Ryan Serhant recently told Fox Business that he’s been inundated with calls from L.A. brokers who have clients looking for rental housing on the East Coast. And those clients are increasingly interested in buying instead of renting, as the scope of the destruction becomes clearer: “People have said this is the final straw for the state.” But other New York brokers say that most of the conversations they’ve had with people from Los Angeles are of the “Yeah, we might be looking to move back” variety. Still, they expect that there will be something of an exodus in the coming months. “I texted a client who moved to L.A. to see if everything was okay,” says Enrica Petrongari, a real-estate agent at Keller Williams NYC. “He said, ‘Everything is burned out. Luckily, we have insurance. But I don’t think it’s worth having a house in California anymore.’”
For some homeowners who are already bicoastal, New York is the obvious place to live during the yearslong process of rebuilding their L.A. homes. “People need stability. They’re not going to check into a hotel for six months,” says Yan Gladkov, an agent at Keller Williams NYC. Gladkov’s clients include a couple whose home has burned down in the Hollywood Hills. They have a pied-à-terre on Billionaire’s Row to retreat to but are now considering buying something larger in New York, or possibly the Hamptons, that they can use as a primary residence while they rebuild in L.A.
For Alex O’Keefe, a TV writer who worked on The Bear and rents in a South L.A. neighborhood not touched by the fires, last week’s destruction was only the latest sign that Hollywood, at least as he knows it, is over. The end of the streaming boom, the writer’s strike, and subsequent changes to streamers’ models have all translated to less work, making it hard for him to carve out a living in the industry. And now, he says, the fires are going to have “domino effects. A big Hollywood star or producer who lost their home in the Palisades? They are probably not going to want to make their next thing here,” he said. “I also think insurance on production will be sky high and it will be harder to finance the governor’s plan to raise tax credits for L.A. production.” And then, of course, there are the wildfires themselves, and fire season in L.A. seems to expand every year. That’s why he’s decided to permanently relocate to New York. “Certainly it’s not any better rent-wise,” he says, “but my fiancée’s family lives in New York, and we can stay in their spare room.”
The offer of free housing on the North Fork garnered a lot of reactions but limited interest from those displaced by the wildfires.

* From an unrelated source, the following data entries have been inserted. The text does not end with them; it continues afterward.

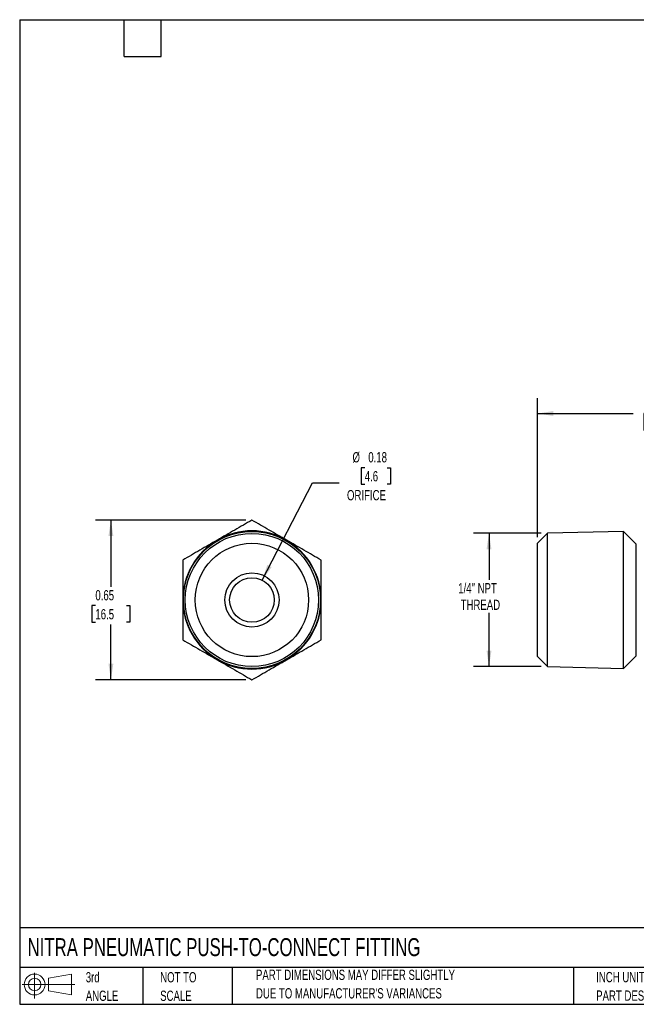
# Model space of a CAD drawing. Header units: inches. Extents: x 0.12 to 5.38, y 0.12 to 4.12.
# Tile 1 of 3: x 0.12 to 2.63, y 0.12 to 4.12. Entities that reach past the tile are written whole.
import ezdxf

# ---------------------------------------------------------------- set-up
doc = ezdxf.new("R2010")
doc.units = ezdxf.units.IN
doc.header["$LTSCALE"] = 0.5
doc.header["$MEASUREMENT"] = 0
doc.linetypes.add('SLD-Solid', pattern=[0])
doc.layers.add('DIMENSIONS', color=140, linetype='SLD-Solid', lineweight=25)
doc.layers.add('TEXT', color=140, linetype='SLD-Solid', lineweight=25)
doc.layers.add('SLD-DEFPOINTS', color=7, linetype='Continuous')
doc.styles.add('SLDTEXTSTYLE0', font='TXT', dxfattribs={"width": 0.7})
doc.dimstyles.new('SLDDIMSTYLE0', dxfattribs={"dimtxt": 0.04248, "dimasz": 0.065, "dimexe": 0, "dimexo": 0.0625, "dimgap": 0.01062, "dimtad": 0, "dimtih": 1, "dimtoh": 1, "dimrnd": 1e-09, "dimzin": 12, "dimdsep": 46, "dimtxsty": 'SLDTEXTSTYLE0', "dimsah": 1, "dimcen": 0.09, "dimadec": 0, "dimazin": 3, "dimtfac": 1, "dimtofl": 0, "dimtmove": 0, "dimatfit": 3, "dimfxl": 0, "dimfrac": 2, "dimtolj": 1, "dimtzin": 12, "dimarcsym": 0})
doc.dimstyles.new('SLDDIMSTYLE1', dxfattribs={"dimtxt": 0.04248, "dimasz": 0.065, "dimexe": 0, "dimexo": 0.0625, "dimgap": 0.01062, "dimtad": 0, "dimtih": 1, "dimtoh": 1, "dimrnd": 1e-09, "dimdsep": 46, "dimtxsty": 'SLDTEXTSTYLE0', "dimsah": 1, "dimcen": 0.09, "dimadec": 0, "dimazin": 2, "dimtfac": 1, "dimtofl": 0, "dimtmove": 0, "dimatfit": 3, "dimfxl": 0, "dimfrac": 2, "dimtolj": 1, "dimtzin": 12, "dimarcsym": 0})
doc.dimstyles.new('SLDDIMSTYLE3', dxfattribs={"dimtxt": 0.04248, "dimasz": 0.065, "dimexe": 0, "dimexo": 0.0625, "dimgap": 0.01062, "dimtad": 0, "dimtih": 1, "dimtoh": 1, "dimrnd": 1e-09, "dimdsep": 46, "dimtxsty": 'SLDTEXTSTYLE0', "dimsah": 1, "dimcen": 0, "dimadec": 0, "dimazin": 2, "dimtfac": 1, "dimtofl": 0, "dimtmove": 0, "dimatfit": 3, "dimfxl": 0, "dimfrac": 2, "dimtolj": 1, "dimtzin": 12, "dimarcsym": 0})

# ---------------------------------------------------------------- blocks, each defined once
blk = doc.blocks.new('Block11')
at = {"color": 7, "linetype": 'SLD-Solid', "lineweight": 18}
for p, q in [((0.051, 0.1045), (0.051, 0)), ((0.1079, 0.082), (0.2003, 0.0991)), ((0.1079, 0.0314), (0.1079, 0.082)), ((0.2003, 0.0991), (0.2003, 0.0144)), ((0, 0.0567), (0.2141, 0.0567)), ((0.1079, 0.0314), (0.2003, 0.0144))]:
    blk.add_line(p, q, dxfattribs=at)
for radius in [0.0423, 0.0253]:
    blk.add_circle((0.051, 0.0567), radius, dxfattribs=at)
blk = doc.blocks.new('Block12')
at = {"layer": 'SLD-DEFPOINTS'}
blk.add_blockref('Block11', (0, 0), dxfattribs=at)
blk = doc.blocks.new('SW_NOTE_0_2')
at = {"layer": 'TEXT', "color": 0, "char_height": 0.041667, "attachment_point": 1, "style": 'SLDTEXTSTYLE0'}
for s, insert in [('PART DIMENSIONS MAY DIFFER SLIGHTLY', (0, 0.0537)), ("DUE TO MANUFACTURER'S VARIANCES", (0, -0.0215))]:
    blk.add_mtext(s, dxfattribs=dict(at, insert=insert))
blk = doc.blocks.new('SW_NOTE_0_3')
at = {"layer": 'TEXT', "color": 0, "char_height": 0.04167, "attachment_point": 1, "style": 'SLDTEXTSTYLE0'}
for s, insert in [('NOT TO', (0, 0.0537)), ('SCALE', (0, -0.0215))]:
    blk.add_mtext(s, dxfattribs=dict(at, insert=insert))
blk = doc.blocks.new('SW_NOTE_0_4')
at = {"layer": 'TEXT', "color": 0, "char_height": 0.04167, "attachment_point": 1, "style": 'SLDTEXTSTYLE0'}
for s, insert in [('3rd', (0, 0.0537)), ('ANGLE', (0, -0.0215))]:
    blk.add_mtext(s, dxfattribs=dict(at, insert=insert))
blk = doc.blocks.new('SW_NOTE_0_5')
at = {"layer": 'TEXT', "color": 0, "char_height": 0.041667, "attachment_point": 1, "style": 'SLDTEXTSTYLE0'}
for s, insert in [('INCH UNITS USED FOR', (0, 0.0537)), ('PART DESIGN', (0, -0.0215))]:
    blk.add_mtext(s, dxfattribs=dict(at, insert=insert))
blk = doc.blocks.new('_D')
at = {"layer": 'DIMENSIONS'}
for p, q in [((2.244, 2.0384), (1.9692, 2.0384)), ((2.0317, 2.0384), (2.0317, 1.8501)), ((2.0317, 1.4969), (2.0317, 1.7151)), ((2.244, 1.4969), (1.9692, 1.4969))]:
    blk.add_line(p, q, dxfattribs=at)
for points in [[(2.0317, 2.0384), (2.0217, 1.9734), (2.0417, 1.9734)], [(2.0317, 1.4969), (2.0417, 1.5619), (2.0217, 1.5619)]]:
    blk.add_solid(points, dxfattribs=at)
at = {"layer": 'DIMENSIONS', "char_height": 0.04167, "attachment_point": 1, "style": 'SLDTEXTSTYLE0'}
for s, insert in [('1/4" NPT', (1.9066, 1.8363)), ('THREAD', (1.9164, 1.7688))]:
    blk.add_mtext(s, dxfattribs=dict(at, insert=insert))
blk = doc.blocks.new('_D_2')
at = {"layer": 'DIMENSIONS'}
for p, q in [((2.2286, 2.023), (2.2286, 2.5876)), ((3.2486, 2.0131), (3.2486, 2.5876)), ((2.2286, 2.5251), (2.6179, 2.5251)), ((2.6754, 2.5251), (2.6612, 2.5251)), ((2.6612, 2.5251), (2.6612, 2.4576)), ((2.8017, 2.5251), (2.8159, 2.5251)), ((2.8159, 2.5251), (2.8159, 2.4576)), ((3.2486, 2.5251), (2.8592, 2.5251)), ((2.6612, 2.4576), (2.6754, 2.4576)), ((2.8159, 2.4576), (2.8017, 2.4576))]:
    blk.add_line(p, q, dxfattribs=at)
for points in [[(2.2286, 2.5251), (2.2936, 2.5151), (2.2936, 2.5351)], [(3.2486, 2.5251), (3.1836, 2.5351), (3.1836, 2.5151)]]:
    blk.add_solid(points, dxfattribs=at)
at = {"layer": 'DIMENSIONS', "char_height": 0.04167, "attachment_point": 1, "style": 'SLDTEXTSTYLE0'}
for s, insert in [('1.02', (2.6754, 2.5883)), ('25.9', (2.6754, 2.5113))]:
    blk.add_mtext(s, dxfattribs=dict(at, insert=insert))
blk = doc.blocks.new('_D_6')
at = {"layer": 'DIMENSIONS'}
for p, q in [((1.0435, 2.092), (0.4331, 2.092)), ((0.4956, 2.092), (0.4956, 1.8215)), ((0.4325, 1.7445), (0.4182, 1.7445)), ((0.4182, 1.7445), (0.4182, 1.677)), ((0.5587, 1.7445), (0.573, 1.7445)), ((0.573, 1.7445), (0.573, 1.677)), ((0.4182, 1.677), (0.4325, 1.677)), ((0.4956, 1.4433), (0.4956, 1.6675)), ((0.573, 1.677), (0.5587, 1.677)), ((1.0435, 1.4433), (0.4331, 1.4433))]:
    blk.add_line(p, q, dxfattribs=at)
for points in [[(0.4956, 2.092), (0.4856, 2.027), (0.5056, 2.027)], [(0.4956, 1.4433), (0.5056, 1.5083), (0.4856, 1.5083)]]:
    blk.add_solid(points, dxfattribs=at)
at = {"layer": 'DIMENSIONS', "char_height": 0.04167, "attachment_point": 1, "style": 'SLDTEXTSTYLE0'}
for s, insert in [('0.65', (0.4325, 1.8077)), ('16.5', (0.4325, 1.7307))]:
    blk.add_mtext(s, dxfattribs=dict(at, insert=insert))
blk = doc.blocks.new('_D_7')
at = {"layer": 'DIMENSIONS'}
for p, q in [((1.5268, 2.305), (1.5125, 2.305)), ((1.5125, 2.305), (1.5125, 2.2375)), ((1.6177, 2.305), (1.632, 2.305)), ((1.632, 2.305), (1.632, 2.2375)), ((1.1101, 1.8481), (1.314, 2.2433)), ((1.314, 2.2433), (1.4234, 2.2433)), ((1.5125, 2.2375), (1.5268, 2.2375)), ((1.632, 2.2375), (1.6177, 2.2375))]:
    blk.add_line(p, q, dxfattribs=at)
blk.add_solid([(1.1101, 1.8481), (1.1488, 1.9013), (1.131, 1.9105)], dxfattribs=at)
at = {"layer": 'DIMENSIONS', "char_height": 0.04167, "attachment_point": 1, "style": 'SLDTEXTSTYLE0'}
for s, insert in [('%%c', (1.4771, 2.3682)), ('0.18', (1.5412, 2.3682)), ('4.6', (1.5268, 2.2912)), ('ORIFICE', (1.4547, 2.2142))]:
    blk.add_mtext(s, dxfattribs=dict(at, insert=insert))

msp = doc.modelspace()

# ---------------------------------------------------------------- linework, layer by layer
for p, q in [((2.5779, 2.0463), (2.269, 2.0384)), ((2.6301, 1.994), (2.5779, 2.0463)), ((2.5779, 1.489), (2.5779, 2.0463)), ((2.269, 2.0384), (2.2286, 1.998)), ((2.269, 1.4969), (2.269, 2.0384)), ((2.2286, 1.5373), (2.2286, 1.998)), ((2.6301, 1.5413), (2.6301, 1.994)), ((2.2286, 1.5373), (2.269, 1.4969)), ((2.5779, 1.489), (2.6301, 1.5413)), ((2.269, 1.4969), (2.5779, 1.489))]:
    msp.add_line(p, q)
for radius in [0.2786, 0.2707, 0.2303, 0.1102, 0.0906]:
    msp.add_circle((1.0685, 1.7676), radius)
for start, end in [(60, 120), (120, 180), (0, 60), (180, 240), (300, 0), (240, 300)]:
    msp.add_arc((1.0685, 1.7676), 0.2809, start, end)
for points in [[(1.0685, 2.092), (1.0454, 2.0787), (1.0222, 2.0653), (0.9754, 2.0382), (0.9519, 2.0246), (0.9281, 2.0109)], [(1.209, 2.0109), (1.1852, 2.0246), (1.1617, 2.0382), (1.1149, 2.0653), (1.0916, 2.0787), (1.0685, 2.092)], [(0.9281, 2.0109), (0.9043, 1.9972), (0.8808, 1.9836), (0.834, 1.9566), (0.8107, 1.9432), (0.7876, 1.9298)], [(1.3495, 1.9298), (1.3263, 1.9432), (1.3031, 1.9566), (1.2563, 1.9836), (1.2328, 1.9972), (1.209, 2.0109)], [(0.7876, 1.9298), (0.7876, 1.9031), (0.7876, 1.8763), (0.7876, 1.8223), (0.7876, 1.7951), (0.7876, 1.7676)], [(1.3495, 1.7676), (1.3495, 1.7951), (1.3495, 1.8223), (1.3495, 1.8763), (1.3495, 1.9031), (1.3495, 1.9298)], [(0.7876, 1.7676), (0.7876, 1.7402), (0.7876, 1.713), (0.7876, 1.6589), (0.7876, 1.6321), (0.7876, 1.6055)], [(1.3495, 1.6055), (1.3495, 1.6321), (1.3495, 1.6589), (1.3495, 1.713), (1.3495, 1.7402), (1.3495, 1.7676)], [(0.7876, 1.6055), (0.8107, 1.5921), (0.834, 1.5787), (0.8808, 1.5517), (0.9043, 1.5381), (0.9281, 1.5244)], [(1.209, 1.5244), (1.2328, 1.5381), (1.2563, 1.5517), (1.3031, 1.5787), (1.3263, 1.5921), (1.3495, 1.6055)], [(0.9281, 1.5244), (0.9519, 1.5106), (0.9754, 1.497), (1.0222, 1.47), (1.0454, 1.4566), (1.0685, 1.4433)], [(1.0685, 1.4433), (1.0916, 1.4566), (1.1149, 1.47), (1.1617, 1.497), (1.1852, 1.5106), (1.209, 1.5244)]]:
    msp.add_open_spline(points, degree=3, knots=[0, 0, 0, 0, 0.5, 0.5, 1, 1, 1, 1])
at = {"layer": 'TEXT'}
for p, q in [((0.125, 4.125), (5.375, 4.125)), ((0.125, 4.125), (0.125, 0.125)), ((0.55, 3.975), (0.55, 4.125)), ((0.7, 3.975), (0.7, 4.125)), ((0.55, 3.975), (0.7, 3.975)), ((5.375, 0.4356), (0.125, 0.4356)), ((5.375, 0.275), (0.125, 0.275)), ((0.625, 0.275), (0.625, 0.125)), ((0.9884, 0.275), (0.9884, 0.125)), ((2.3749, 0.275), (2.3749, 0.125)), ((0.125, 0.125), (5.375, 0.125))]:
    msp.add_line(p, q, dxfattribs=at)

# ---------------------------------------------------------------- block references
at = {"layer": 'SLD-DEFPOINTS'}
msp.add_blockref('Block12', (0.1346, 0.1487), dxfattribs=at)
at = {"layer": 'TEXT'}
for name, p in [('SW_NOTE_0_4', (0.3935, 0.2021)), ('SW_NOTE_0_3', (0.6958, 0.2021)), ('SW_NOTE_0_2', (1.085, 0.212)), ('SW_NOTE_0_5', (2.4671, 0.2027))]:
    msp.add_blockref(name, p, dxfattribs=at)

# ---------------------------------------------------------------- texts
at = {"layer": 'TEXT', "insert": (0.1568, 0.3937), "char_height": 0.072917, "attachment_point": 1, "style": 'SLDTEXTSTYLE0'}
msp.add_mtext('NITRA PNEUMATIC PUSH-TO-CONNECT FITTING', dxfattribs=at)

# ---------------------------------------------------------------- dimensions: what is measured, and where the dimension line sits
at = {"layer": 'DIMENSIONS'}
dim = msp.add_linear_dim(base=(2.2286, 2.5251), p1=(3.2486, 1.9881), p2=(2.2286, 1.998), dimstyle='SLDDIMSTYLE0', dxfattribs=at)
dim.commit()
dim.dimension.update_dxf_attribs({"geometry": '_D_2', "text_midpoint": (2.7386, 2.5251), "dimtype": 160})
dim = msp.add_diameter_dim_2p(p1=(1.027, 1.6872), p2=(1.1101, 1.8481), text='<>\\PORIFICE', dimstyle='SLDDIMSTYLE3', dxfattribs=at)
dim.commit()
dim.dimension.update_dxf_attribs({"geometry": '_D_7', "text_midpoint": (1.5723, 2.2712), "dimtype": 163})
dim = msp.add_linear_dim(base=(0.4956, 1.4433), p1=(1.0685, 2.092), p2=(1.0685, 1.4433), angle=90, dimstyle='SLDDIMSTYLE1', dxfattribs=at)
dim.commit()
dim.dimension.update_dxf_attribs({"geometry": '_D_6', "text_midpoint": (0.4956, 1.7445), "dimtype": 160})
dim = msp.add_linear_dim(base=(2.0317, 2.0384), p1=(2.269, 1.4969), p2=(2.269, 2.0384), angle=90, text='1/4" NPT\\PTHREAD', dimstyle='SLDDIMSTYLE0', dxfattribs=at)
dim.commit()
dim.dimension.update_dxf_attribs({"geometry": '_D', "text_midpoint": (2.0317, 1.7826), "dimtype": 160})

doc.saveas('drawing.dxf')

Photo: Office of Tangible Space
Still, the majority of Angelenos who are looking are most likely still in an exploratory phase. Michael Yarinsky, a partner at the design studio Office of Tangible Space, recently offered up the studio’s North Fork home for free on Instagram as temporary housing for a displaced family. “It was available for the next month or so, and the vibe there is very similar to Altadena, very creative, a lot of working artists,” says Yarinsky. He says he’s currently in conversation with a couple of people who are interested, but it seems to him that people who’ve lost a lot are not looking to get out: “They want to stay local, monitor the situation — some of them haven’t even gotten access to their home’s site. I think it will probably happen that some of them end up moving to the East Coast, but a lot of people are just trying to get a sense of where the ground is right now.”